MET高発現の胃癌や胃食道接合部癌に対し、ECX療法(エピルビシン、シスプラチン、カペシタビン)に完全ヒト型モノクローナル抗体rilotumumab(AMG102)を併用することで予後が改善され、このことからMET蛋白発現量は効果予測因子である可能性が、無作為化二重盲検プラセボ対照比較フェーズ2試験でのバイオマーカー解析で示唆された。米国Amgen社のKelly S. Oliner氏らが、6月27日から30日までバルセロナで開催されている第14回世界消化器癌学会(WCGC2012)で発表した。

 METは胃癌において26-74%に発現し、胃食道接合部癌では80-100%に発現するといわれる。METの発現は胃癌患者において、壁深達度や転移、病期、予後不良と関連する。RilotumumabはMET受容体のリガンドである肝細胞増殖因子(HGF)に対するモノクローナル抗体。

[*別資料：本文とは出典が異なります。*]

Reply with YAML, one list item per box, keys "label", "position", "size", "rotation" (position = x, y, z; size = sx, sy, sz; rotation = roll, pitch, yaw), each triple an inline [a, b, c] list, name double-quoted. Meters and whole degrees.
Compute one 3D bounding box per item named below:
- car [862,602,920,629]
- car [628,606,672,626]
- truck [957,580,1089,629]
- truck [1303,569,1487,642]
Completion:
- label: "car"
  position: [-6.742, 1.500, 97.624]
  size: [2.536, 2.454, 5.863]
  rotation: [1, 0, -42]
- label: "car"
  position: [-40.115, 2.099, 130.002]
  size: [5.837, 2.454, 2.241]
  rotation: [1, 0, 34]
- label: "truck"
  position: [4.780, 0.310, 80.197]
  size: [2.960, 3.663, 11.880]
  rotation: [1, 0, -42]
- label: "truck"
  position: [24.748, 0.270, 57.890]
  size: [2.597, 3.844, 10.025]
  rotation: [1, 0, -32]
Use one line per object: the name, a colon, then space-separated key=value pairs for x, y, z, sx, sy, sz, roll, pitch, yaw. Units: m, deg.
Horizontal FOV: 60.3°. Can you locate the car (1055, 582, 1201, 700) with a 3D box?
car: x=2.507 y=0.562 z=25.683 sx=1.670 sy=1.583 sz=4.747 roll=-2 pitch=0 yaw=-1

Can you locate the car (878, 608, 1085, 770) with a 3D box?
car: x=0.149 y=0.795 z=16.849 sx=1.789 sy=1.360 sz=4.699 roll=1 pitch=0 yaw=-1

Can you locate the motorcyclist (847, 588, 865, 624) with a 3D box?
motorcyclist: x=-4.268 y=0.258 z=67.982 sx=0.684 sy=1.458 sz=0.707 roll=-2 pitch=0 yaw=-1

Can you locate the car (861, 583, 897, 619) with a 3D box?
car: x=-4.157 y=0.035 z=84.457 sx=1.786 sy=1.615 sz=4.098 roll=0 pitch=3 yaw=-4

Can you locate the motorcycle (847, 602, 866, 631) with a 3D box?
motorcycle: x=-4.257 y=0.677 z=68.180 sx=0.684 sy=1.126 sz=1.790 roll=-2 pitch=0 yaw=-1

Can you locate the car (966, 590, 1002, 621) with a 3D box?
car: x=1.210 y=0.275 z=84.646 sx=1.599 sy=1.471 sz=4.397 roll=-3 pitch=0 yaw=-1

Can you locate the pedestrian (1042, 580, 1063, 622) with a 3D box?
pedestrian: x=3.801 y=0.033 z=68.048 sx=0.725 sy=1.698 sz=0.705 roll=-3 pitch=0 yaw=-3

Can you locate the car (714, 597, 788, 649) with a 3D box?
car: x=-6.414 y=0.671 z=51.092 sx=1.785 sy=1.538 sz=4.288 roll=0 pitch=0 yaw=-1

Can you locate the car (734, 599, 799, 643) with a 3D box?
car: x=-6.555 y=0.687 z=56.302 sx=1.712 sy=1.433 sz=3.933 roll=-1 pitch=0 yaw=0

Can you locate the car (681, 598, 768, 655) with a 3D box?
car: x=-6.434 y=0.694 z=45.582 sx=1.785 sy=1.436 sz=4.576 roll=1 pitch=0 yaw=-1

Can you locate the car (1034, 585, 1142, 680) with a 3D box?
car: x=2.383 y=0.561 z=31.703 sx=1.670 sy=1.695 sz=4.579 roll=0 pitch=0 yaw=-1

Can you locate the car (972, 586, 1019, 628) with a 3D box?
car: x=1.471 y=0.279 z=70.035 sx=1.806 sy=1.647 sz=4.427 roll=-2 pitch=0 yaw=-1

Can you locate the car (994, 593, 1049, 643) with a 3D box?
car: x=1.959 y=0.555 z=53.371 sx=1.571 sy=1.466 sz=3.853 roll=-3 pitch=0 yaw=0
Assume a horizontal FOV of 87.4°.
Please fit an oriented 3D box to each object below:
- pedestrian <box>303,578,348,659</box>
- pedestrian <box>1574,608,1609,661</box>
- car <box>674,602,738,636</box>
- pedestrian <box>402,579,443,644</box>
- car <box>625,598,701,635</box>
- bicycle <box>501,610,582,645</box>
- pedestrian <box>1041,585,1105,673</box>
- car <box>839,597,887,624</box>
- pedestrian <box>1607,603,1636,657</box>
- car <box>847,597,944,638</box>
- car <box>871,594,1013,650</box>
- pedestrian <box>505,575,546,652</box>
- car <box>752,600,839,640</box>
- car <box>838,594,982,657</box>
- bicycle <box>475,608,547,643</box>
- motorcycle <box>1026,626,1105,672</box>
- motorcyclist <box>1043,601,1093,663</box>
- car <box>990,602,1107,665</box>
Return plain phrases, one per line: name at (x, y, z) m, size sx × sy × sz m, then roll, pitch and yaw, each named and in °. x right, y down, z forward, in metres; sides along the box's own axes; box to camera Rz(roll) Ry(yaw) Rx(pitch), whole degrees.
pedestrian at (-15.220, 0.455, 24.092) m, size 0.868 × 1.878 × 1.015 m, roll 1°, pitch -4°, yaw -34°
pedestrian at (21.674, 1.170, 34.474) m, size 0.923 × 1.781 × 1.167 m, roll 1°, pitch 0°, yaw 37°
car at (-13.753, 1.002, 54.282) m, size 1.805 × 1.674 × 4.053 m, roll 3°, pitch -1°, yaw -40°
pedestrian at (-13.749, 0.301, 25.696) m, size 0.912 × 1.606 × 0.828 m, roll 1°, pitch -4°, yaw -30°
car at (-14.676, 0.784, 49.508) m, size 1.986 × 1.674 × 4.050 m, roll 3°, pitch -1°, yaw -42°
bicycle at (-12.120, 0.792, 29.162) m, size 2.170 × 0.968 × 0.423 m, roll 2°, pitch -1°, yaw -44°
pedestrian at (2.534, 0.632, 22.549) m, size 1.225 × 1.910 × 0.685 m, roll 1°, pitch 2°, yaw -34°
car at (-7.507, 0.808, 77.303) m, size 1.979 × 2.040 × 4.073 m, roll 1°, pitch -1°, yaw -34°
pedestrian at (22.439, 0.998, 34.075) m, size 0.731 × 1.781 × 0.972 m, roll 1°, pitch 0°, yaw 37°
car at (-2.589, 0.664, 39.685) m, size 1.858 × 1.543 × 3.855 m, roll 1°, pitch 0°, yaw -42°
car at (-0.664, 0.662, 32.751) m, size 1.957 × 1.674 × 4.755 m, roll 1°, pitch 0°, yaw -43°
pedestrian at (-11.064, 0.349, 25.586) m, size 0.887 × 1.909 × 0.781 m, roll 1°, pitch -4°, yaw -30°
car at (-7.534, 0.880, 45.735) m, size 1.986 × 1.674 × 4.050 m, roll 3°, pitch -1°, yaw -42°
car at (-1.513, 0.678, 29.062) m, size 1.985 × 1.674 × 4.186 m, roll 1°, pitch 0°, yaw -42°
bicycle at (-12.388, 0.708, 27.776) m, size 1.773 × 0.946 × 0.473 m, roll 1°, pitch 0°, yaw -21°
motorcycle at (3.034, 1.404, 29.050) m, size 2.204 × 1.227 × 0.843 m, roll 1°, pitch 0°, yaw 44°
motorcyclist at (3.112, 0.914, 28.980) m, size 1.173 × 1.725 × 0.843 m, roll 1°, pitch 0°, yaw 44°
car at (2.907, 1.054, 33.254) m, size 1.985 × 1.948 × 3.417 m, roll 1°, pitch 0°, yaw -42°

 対象は、切除不能の局所進行もしくは転移性の胃癌あるいは胃食道接合部癌で、全身療法の治療歴がない患者121人。患者をrilotumumab(15mg/kg)+ECX群、rilotumumab(7.5mg/kg)+ECX群、プラセボ+ECX群の3群に1:1:1の割合で無作為に分けた。治療は3週おきに行い、エピルビシンは50mg/m2を第1日に、シスプラチン60mg/m2を第1日に、カペシタビンは625mg/m2を1日2回、第1日から第21日に投与した。

 この試験で、主要評価項目である無増悪生存期間(PFS)は、プラセボ+ECX群が4.2カ月であるのに対し、rilotumumab+ECX群では5.6カ月と有意に優れていた(ハザード比0.64、p=0.045)。全生存期間(OS)はプラセボ+ECX群が8.9カ月、rilotumumab+ECX群は11.1カ月だった(ハザード比0.73、p=0.215)ことが報告されている。今回はMET経路におけるバイオマーカーの解析が行われた。

 解析対象は118人、うちIHC法によるMET蛋白発現量が測定できた90人において、MET高発現(腫瘍細胞の50%超)は42%、MET低発現(腫瘍細胞の50%以下)は58%だった。

 治療群で比較すると、MET高発現患者において、rilotumumab+ECX群(27人)のPFS中央値は6.9カ月、プラセボ+ECX群(11人)は4.6カ月(ハザード比0.51、p=0.085)、OS中央値はそれぞれ11.1カ月、5.7カ月(ハザード比0.29、p=0.012)だった。

 またOSに関し、rilotumumab+ECX群ではMET低発現に対しMET高発現のほうが良好な傾向があった(ハザード比0.677、p=0.247)が、プラセボ+ECX群では逆にMET低発現のほうが良かった(ハザード比3.218、p=0.037)。さらにMET発現の閾値を変えると、腫瘍細胞における発現割合が高いほどrilotumumab+ECX群では予後が改善されることが示された。

 ただし、MET遺伝子コピー数、ベースライン時の血漿中HGFや血漿中METはOSとの関連性は見られなかった。安全性については、MET高発現患者でrilotumumabは管理可能であり、忍容性が認められた。

 以上の結果から、MET陽性の胃・胃食道接合部癌を対象に、ECX療法に対するrilotumumabの上乗せ効果をみるフェーズ3試験が計画されている。